Osservava, a ragione, che il verbale di vane ricerche era dell'ottobre precedente e che tra le ipotesi di revoca L. n. 689 del 1981, ex artt. 66 e 72 non rientrava quella prospettata.
Ha proposto ricorso il Procuratore della Repubblica presso il Tribunale di Sanremo denunziando violazione di legge, deducendo che per giurisprudenza consolidata e condivisibile la impossibilità di esecuzione della sanzione sostitutiva costituisce ragione per la sua riconversione nella pena sostituita.

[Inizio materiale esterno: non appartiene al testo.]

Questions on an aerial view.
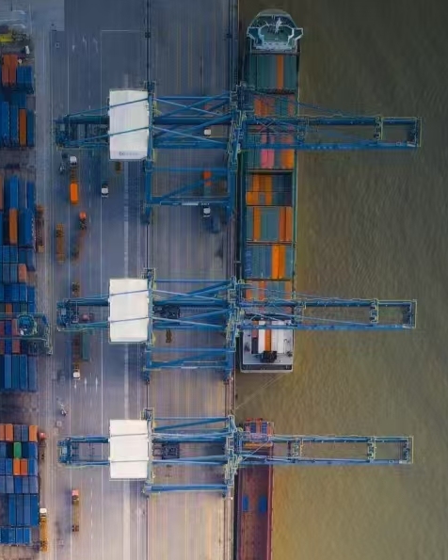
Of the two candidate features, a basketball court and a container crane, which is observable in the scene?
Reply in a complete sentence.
Visible in the photo is a container crane.
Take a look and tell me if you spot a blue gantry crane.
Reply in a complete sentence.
Yes, there is a blue gantry crane in the image.
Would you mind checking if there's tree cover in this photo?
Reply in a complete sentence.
No, tree cover can't be seen anywhere here.
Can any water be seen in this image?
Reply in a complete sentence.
Yes, some water is visible.
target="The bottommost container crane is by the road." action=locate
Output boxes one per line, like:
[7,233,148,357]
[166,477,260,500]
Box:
[58,406,417,508]
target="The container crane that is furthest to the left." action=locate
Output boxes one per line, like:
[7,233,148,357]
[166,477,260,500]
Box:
[0,311,52,364]
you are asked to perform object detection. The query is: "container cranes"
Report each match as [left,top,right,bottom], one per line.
[56,267,420,387]
[55,67,422,226]
[58,406,417,508]
[0,311,52,364]
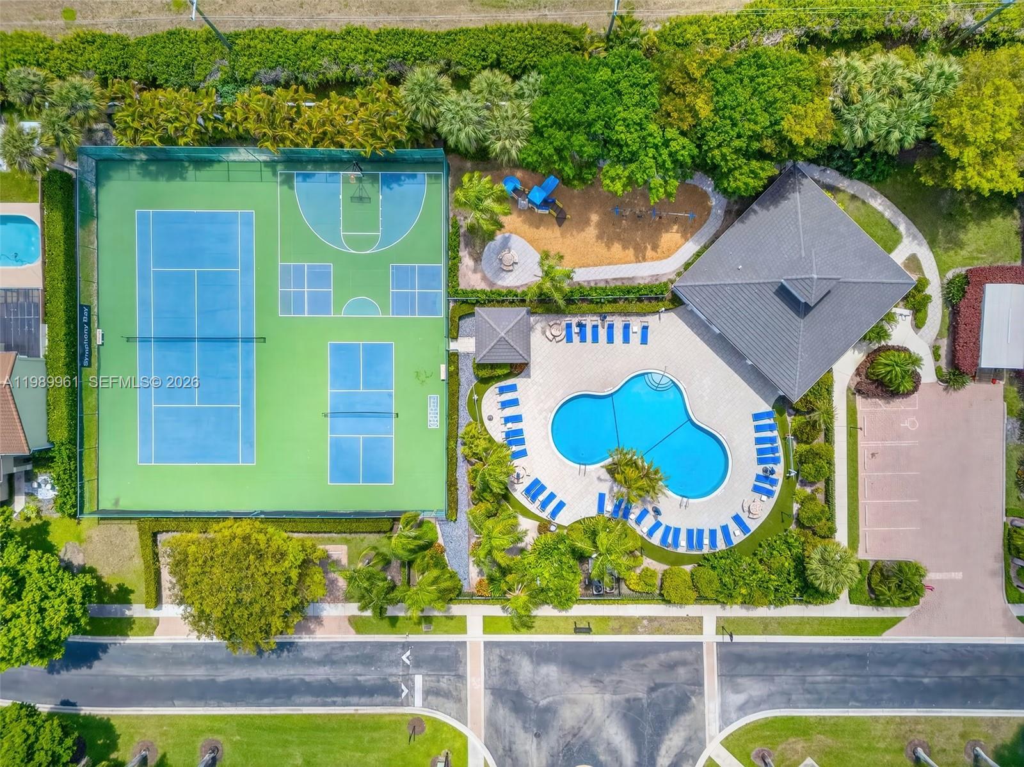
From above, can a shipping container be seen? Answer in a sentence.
No, there's no shipping container here.
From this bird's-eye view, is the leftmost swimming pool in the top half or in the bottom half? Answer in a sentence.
The leftmost swimming pool sits in the top half of the picture.
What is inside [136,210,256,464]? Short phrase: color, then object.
blue tennis court
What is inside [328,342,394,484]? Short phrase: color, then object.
blue sports court
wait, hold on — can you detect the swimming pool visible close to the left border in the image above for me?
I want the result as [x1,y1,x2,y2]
[0,212,42,269]
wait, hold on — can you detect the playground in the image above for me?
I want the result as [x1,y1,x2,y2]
[503,171,570,226]

Ha quindi prodotto memoria il difensore della condannata, chiedendo che l'annullamento sia disposto con rinvio, previa affermazione del principio di diritto che ne' revoca ne' conversione sono consentiti in casi quali quello in esame.
CONSIDERATO IN DIRITTO
Osserva il Collegio che il rilievo del Procuratore generale, relativo alla incompetenza funzionale del giudice dell'esecuzione, è fondato e assorbente.
A norma della L. n. 689 del 1981 competente in materia di conversione (art. 66) e revoca (art. 72) della libertà controllata, come delle sanzioni sostitutive in genere, è la magistratura di sorveglianza (vedi, persino per le pene pecuniarie, C. cost. n. 212 del 2003). Il provvedimento impugnato, affetto da incompetenza funzionale deve per conseguenza essere annullato senza rinvio.
Spetta al Pubblico ministero, se ritiene, trasmettere gli atti al magistrato di sorveglianza per l'eventuale inoltro al Tribunale di sorveglianza ai sensi del richiamato art. 66.
Non può essere all'evidenza accolta la sollecitazione del difensore della condannata all'annullamento con rinvio. La necessità di una nuova iniziativa impedisce difatti il rinvio non soltanto in forma prosecutoria ma anche in forma restitutoria.
P.Q.M.
Annulla senza rinvio l'ordinanza impugnata e dispone la trasmissione degli atti al Pubblico ministero presso il Tribunale di Sanremo. Così deciso in Roma, il 4 febbraio 2011.